Forward Operators#

In computational imaging, the ability to accurately model the acquisition system is cornerstone to solving inverse problems. The LinOp()🔗 class in Pyxu serves as a foundational abstraction for defining linear forward operators, essentially mapping the original signal or image to the data we observe. This guide distills the knowledge needed to implement custom forward operators using the LinOp() class, as well as related classes in the Pyxu library.

Important Note: LinOp and its derivatives are designed as abstract base classes. This means they serve as templates or “blueprints” for creating specific operators that suit your project needs. You’re not supposed to instantiate them directly. Instead, you have two main options:

Subclassing: Extend these classes to create customized operators tailored to your problem.

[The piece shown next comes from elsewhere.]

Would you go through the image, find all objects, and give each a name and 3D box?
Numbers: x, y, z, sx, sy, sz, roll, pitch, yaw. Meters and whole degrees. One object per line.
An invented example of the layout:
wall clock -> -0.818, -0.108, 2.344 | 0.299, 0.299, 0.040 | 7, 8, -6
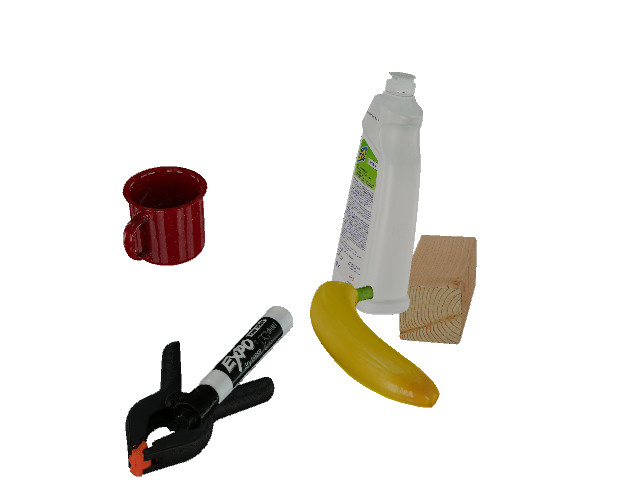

Generic Constructor Routine: Utilize the from_source🔗 function to define new operators from their core methods, like apply()🔗, adjoint()🔗, or jacobian()🔗.

Additionally, don’t forget to explore our comprehensive Reference API. It features pre-implemented versions of many commonly used forward operators, serving as both a shortcut for common tasks and a useful learning resource.

The Importance of Matrix-Free Operators#

Computational imaging often involves working with (very) large datasets which poses challenges in terms of scalability. In Pyxu, the strategy for addressing such problems is to employ matrix-free operators. These operators are defined implicitly via methods rather than explicitly via matrices. This strategy saves memory and improves computational efficiency.

For example, the following code snippet implements a matrix-free sum operator operating over 1D inputs:

class Sum(LinOp):
    def apply(self, arr):
        return arr.sum(keepdims=True)

    def adjoint(self, arr):
        return arr * np.ones(self.shape[1])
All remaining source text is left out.